MemoryLayout.size // 24

// Idea: use an indirect enum to get automatic copy-on-write for a large struct
/// A generic enum to wrap any value type indirectly.
/// Provides copy-on-write behavior for Wrapped.
indirect enum CopyOnWrite: CustomStringConvertible {
case payload(Wrapped)

init(_ value: Wrapped) {
    self = .payload(value)
}

var unbox: Wrapped {
    get {
        switch self {
        case .payload(let v): return v
        }
    }
    set {
        self = .payload(newValue)
    }
}

var description: String {
    return "CopyOnWrite: \(unbox)"
}

}

MemoryLayout<CopyOnWrite>.size // 8

// Test it out
var myValue = CopyOnWrite(MyValue(a: 1, b: 2, c: 3))
var copy = myValue

// Before mutation, myValue and copy should have the same address
let originalAddressBeforeMutation = unsafeBitCast(myValue, to: OpaquePointer.self)
let copyAddressBeforeMutation = unsafeBitCast(copy, to: OpaquePointer.self)
assert(originalAddressBeforeMutation == copyAddressBeforeMutation)

// Mutate the copy (or the original, doesn't matter)
copy.unbox.a = 23
assert(copy.unbox.a == 23)
assert(myValue.unbox.a == 1) // is still 1

let originalAddressAfterMutation = unsafeBitCast(myValue, to: OpaquePointer.self)
let copyAddressAfterMutation = unsafeBitCast(copy, to: OpaquePointer.self)
assert(originalAddressAfterMutation == originalAddressBeforeMutation, "original address should be unchanged")
assert(copyAddressAfterMutation != originalAddressAfterMutation, "copy address should have changed")

// Convenience APIs to hide the wrapper type. Entirely optional.
extension CopyOnWrite where Wrapped == MyValue {
var a: Int {
get { return unbox.a }
set { unbox.a = newValue }
}
// var b: Int { ... }
// var c: Int { ... }
}

// Allows you to access properties directly, without going through unbox.
copy.a = 42

5 Likes
(Joe Groff) #2

Enum values are currently immutable. There's no way to get a handle to the payload of an enum value and modify it in place. If we added this functionality in the future, we would probably make indirect payloads copy-on-write, though.

Not today, because you can't mutate the inside of the indirect box. With @Doug_Gregor's property delegates feature, you could define a COW<T> wrapper struct that handles the copy-on-write to a boxed value, and delegate a property's implementation to it.

5 Likes
(Ole Begemann) #3

Thanks. I see the error in my thinking now. Mutating the indirect enum always creates a new box instance (i.e. the pointer changes), regardless of whether there is a unique owner or not. Unlike copy-on-write, which eliminates the copy as long as the owner is unique.
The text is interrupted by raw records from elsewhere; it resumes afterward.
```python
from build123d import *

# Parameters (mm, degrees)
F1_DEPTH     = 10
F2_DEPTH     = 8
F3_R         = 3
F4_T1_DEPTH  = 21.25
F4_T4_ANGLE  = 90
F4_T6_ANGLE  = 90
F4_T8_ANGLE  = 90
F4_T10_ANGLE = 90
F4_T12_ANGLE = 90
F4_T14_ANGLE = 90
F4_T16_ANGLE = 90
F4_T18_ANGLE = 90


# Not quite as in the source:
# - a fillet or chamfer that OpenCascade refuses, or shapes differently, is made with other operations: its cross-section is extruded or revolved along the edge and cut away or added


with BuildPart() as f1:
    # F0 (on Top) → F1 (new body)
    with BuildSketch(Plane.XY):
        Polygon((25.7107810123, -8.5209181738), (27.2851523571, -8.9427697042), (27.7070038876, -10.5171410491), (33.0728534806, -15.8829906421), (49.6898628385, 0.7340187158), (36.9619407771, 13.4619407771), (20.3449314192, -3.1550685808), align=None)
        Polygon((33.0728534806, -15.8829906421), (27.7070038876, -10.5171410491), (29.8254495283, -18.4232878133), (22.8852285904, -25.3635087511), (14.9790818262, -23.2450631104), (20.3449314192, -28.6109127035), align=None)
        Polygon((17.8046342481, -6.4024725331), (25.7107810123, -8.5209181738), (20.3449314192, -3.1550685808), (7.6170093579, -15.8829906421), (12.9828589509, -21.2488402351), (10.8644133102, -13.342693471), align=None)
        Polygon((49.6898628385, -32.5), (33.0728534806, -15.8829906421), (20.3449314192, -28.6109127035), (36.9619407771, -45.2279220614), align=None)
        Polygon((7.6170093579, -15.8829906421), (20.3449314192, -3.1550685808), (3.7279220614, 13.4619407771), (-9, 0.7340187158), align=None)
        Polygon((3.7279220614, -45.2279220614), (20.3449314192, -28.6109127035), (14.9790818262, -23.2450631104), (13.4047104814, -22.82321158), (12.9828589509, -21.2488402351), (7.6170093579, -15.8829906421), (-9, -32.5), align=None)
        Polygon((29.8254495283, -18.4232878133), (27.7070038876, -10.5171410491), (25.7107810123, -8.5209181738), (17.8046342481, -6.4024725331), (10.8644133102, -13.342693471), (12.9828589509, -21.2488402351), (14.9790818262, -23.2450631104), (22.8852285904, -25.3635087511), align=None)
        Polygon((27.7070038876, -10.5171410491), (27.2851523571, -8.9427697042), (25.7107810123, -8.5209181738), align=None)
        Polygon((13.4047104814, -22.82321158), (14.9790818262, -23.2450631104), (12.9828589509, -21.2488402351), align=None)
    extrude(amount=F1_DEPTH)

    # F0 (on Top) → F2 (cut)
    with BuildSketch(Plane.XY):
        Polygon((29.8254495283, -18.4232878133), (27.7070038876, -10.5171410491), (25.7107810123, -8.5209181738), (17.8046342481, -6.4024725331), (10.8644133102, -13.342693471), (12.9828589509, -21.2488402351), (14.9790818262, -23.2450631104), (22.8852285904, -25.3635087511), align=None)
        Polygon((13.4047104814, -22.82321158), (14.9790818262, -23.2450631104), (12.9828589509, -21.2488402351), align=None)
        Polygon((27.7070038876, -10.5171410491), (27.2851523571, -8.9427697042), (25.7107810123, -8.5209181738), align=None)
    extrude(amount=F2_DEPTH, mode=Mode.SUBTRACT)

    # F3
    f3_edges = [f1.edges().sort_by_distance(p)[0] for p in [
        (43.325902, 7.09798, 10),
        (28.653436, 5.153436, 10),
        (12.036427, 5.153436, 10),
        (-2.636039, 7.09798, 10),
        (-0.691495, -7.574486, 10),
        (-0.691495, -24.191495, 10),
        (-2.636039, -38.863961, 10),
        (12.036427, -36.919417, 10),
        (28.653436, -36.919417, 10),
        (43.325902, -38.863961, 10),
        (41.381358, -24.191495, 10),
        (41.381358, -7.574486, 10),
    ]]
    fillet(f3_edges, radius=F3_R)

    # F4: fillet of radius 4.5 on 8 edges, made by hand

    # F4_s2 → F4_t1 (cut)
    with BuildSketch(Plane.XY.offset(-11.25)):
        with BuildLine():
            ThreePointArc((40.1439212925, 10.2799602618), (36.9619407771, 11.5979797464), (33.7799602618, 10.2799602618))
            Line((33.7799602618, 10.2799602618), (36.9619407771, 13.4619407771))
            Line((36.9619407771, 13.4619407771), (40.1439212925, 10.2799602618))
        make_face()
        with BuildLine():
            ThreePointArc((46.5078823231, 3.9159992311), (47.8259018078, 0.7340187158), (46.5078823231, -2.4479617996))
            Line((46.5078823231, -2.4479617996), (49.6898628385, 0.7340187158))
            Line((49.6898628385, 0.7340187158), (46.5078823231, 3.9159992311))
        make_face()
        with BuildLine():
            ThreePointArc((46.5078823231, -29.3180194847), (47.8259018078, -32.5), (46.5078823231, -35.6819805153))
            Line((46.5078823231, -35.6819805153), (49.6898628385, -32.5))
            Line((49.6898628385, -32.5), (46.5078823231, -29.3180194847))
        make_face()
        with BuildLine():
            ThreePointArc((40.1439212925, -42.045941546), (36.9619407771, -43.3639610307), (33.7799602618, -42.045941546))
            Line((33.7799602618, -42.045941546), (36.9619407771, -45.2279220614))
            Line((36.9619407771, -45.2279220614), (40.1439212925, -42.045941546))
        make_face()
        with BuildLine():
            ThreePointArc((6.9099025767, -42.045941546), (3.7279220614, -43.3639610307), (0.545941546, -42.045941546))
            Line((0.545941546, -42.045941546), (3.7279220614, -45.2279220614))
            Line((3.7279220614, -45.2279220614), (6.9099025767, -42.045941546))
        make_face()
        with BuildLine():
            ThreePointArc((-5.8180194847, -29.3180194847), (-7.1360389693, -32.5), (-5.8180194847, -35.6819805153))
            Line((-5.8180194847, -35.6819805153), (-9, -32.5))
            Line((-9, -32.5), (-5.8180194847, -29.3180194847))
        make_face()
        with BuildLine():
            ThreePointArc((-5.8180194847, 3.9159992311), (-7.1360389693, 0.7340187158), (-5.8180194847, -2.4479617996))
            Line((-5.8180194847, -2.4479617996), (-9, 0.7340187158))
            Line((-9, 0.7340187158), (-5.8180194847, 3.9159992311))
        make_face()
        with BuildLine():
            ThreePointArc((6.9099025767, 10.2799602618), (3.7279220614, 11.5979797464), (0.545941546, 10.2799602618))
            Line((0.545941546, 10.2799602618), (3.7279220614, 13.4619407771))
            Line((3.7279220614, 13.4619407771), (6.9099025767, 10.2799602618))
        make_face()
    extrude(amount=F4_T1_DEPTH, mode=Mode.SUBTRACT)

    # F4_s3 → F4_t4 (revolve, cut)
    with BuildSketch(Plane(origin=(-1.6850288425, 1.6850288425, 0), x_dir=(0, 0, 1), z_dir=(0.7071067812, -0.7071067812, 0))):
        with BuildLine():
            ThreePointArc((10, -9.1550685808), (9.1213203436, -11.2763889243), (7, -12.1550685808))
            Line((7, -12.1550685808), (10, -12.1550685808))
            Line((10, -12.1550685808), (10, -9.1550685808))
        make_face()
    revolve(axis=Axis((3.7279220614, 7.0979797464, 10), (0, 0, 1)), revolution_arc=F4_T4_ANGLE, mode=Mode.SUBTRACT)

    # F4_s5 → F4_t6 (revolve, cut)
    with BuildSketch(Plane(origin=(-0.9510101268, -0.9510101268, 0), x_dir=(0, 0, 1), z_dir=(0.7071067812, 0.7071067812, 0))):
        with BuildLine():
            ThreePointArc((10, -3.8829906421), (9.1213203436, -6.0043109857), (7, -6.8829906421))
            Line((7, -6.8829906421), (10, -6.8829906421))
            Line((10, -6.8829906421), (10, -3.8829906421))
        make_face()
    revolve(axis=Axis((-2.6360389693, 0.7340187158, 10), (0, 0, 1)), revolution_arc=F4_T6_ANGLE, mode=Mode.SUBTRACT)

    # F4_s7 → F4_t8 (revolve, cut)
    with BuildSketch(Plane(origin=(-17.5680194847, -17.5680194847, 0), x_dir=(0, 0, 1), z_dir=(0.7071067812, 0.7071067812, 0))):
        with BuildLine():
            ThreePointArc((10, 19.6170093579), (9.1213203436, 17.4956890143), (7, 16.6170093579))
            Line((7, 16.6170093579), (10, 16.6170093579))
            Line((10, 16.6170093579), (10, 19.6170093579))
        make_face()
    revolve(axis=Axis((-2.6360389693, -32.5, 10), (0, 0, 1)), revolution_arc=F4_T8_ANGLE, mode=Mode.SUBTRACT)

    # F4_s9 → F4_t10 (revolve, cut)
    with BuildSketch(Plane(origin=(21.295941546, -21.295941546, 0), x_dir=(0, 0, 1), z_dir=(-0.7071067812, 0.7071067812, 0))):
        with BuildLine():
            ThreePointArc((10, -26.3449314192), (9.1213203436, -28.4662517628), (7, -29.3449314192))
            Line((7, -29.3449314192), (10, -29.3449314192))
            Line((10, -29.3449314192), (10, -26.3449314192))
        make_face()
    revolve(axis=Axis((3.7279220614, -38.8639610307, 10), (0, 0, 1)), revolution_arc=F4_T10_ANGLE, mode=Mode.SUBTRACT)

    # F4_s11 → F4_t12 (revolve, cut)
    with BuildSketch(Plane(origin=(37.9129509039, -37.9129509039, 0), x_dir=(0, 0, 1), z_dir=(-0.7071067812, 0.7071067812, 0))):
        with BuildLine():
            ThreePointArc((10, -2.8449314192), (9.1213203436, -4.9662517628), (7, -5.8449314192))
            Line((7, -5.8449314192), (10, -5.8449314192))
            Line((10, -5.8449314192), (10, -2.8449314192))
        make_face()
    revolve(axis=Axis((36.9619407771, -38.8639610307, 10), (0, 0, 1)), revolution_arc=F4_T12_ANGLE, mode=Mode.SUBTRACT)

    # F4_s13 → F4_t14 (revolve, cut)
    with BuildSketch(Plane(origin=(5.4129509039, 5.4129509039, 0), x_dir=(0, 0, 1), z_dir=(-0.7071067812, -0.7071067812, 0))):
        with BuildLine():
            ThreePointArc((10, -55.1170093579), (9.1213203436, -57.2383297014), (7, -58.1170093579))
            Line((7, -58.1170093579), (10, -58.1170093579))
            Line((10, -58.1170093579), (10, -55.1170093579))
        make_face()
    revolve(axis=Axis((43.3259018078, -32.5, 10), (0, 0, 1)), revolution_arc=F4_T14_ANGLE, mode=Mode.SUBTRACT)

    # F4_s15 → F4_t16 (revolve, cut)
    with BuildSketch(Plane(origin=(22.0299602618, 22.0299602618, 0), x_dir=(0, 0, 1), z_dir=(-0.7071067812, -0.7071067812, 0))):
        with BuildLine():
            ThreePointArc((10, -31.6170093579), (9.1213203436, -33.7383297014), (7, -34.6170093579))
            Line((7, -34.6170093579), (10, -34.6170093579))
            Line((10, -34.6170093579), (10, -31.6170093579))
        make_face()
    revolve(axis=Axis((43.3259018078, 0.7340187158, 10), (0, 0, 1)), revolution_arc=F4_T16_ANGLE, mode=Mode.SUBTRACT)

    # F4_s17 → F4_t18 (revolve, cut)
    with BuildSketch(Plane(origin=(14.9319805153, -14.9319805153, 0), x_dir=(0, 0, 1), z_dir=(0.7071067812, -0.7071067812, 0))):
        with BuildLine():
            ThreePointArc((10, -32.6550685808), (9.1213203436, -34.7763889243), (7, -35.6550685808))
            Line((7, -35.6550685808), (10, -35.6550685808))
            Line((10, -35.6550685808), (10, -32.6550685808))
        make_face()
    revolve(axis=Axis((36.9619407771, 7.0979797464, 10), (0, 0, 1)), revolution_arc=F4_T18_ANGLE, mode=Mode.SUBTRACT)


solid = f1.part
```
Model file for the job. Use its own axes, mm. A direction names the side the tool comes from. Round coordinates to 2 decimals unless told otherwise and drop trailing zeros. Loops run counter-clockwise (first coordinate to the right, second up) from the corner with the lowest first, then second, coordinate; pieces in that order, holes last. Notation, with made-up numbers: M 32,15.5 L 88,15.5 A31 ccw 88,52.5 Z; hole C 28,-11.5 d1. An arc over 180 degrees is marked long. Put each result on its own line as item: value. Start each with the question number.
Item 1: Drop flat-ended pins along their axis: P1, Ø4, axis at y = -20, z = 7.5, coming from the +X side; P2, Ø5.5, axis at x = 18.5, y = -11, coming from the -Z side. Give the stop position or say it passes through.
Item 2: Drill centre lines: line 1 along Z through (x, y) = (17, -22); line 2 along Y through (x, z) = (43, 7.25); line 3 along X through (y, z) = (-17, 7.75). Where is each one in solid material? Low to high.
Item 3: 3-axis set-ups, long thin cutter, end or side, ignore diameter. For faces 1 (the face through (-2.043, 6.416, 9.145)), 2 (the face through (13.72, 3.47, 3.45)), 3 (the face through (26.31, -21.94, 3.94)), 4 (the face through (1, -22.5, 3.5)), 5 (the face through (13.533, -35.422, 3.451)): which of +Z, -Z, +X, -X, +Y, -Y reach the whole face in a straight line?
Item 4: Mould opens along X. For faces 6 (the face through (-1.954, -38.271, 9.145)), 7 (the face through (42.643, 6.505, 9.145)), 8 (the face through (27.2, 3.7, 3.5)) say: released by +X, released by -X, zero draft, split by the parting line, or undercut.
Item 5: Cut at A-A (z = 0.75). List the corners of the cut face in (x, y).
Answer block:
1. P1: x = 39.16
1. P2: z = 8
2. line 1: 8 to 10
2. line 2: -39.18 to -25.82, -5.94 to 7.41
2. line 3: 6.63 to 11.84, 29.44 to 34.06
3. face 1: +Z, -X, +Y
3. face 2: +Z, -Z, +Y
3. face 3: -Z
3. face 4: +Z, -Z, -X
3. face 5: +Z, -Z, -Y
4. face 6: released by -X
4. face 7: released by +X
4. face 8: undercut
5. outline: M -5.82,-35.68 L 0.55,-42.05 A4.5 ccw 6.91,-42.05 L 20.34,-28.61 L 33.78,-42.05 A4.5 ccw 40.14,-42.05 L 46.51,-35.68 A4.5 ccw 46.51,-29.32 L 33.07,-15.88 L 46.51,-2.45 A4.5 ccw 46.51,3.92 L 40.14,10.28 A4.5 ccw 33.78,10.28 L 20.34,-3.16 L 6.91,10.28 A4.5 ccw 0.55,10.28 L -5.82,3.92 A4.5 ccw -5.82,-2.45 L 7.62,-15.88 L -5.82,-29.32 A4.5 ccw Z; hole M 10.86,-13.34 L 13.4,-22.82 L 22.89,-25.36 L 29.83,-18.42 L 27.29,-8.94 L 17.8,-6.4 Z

With @Doug_Gregor's property delegates feature, you could define a COW<T> wrapper struct that handles the copy-on-write to a boxed value, and delegate a property's implementation to it.

That sounds exciting. I haven't read the property delegates threads yet.

1 Like
(Jordan Rose) #4

I don't think this is guaranteed by the ABI. Mutating an indirect enum always creates a new value; whether or not it does a copy-on-write is an implementation detail at this point, because you can't actually get at the enum's address without doing unsafe operations.

1 Like
(Matthew Johnson) #5

What a coincidence that this comes up. I was just thinking about mutating switch and inout pattern bindings last night.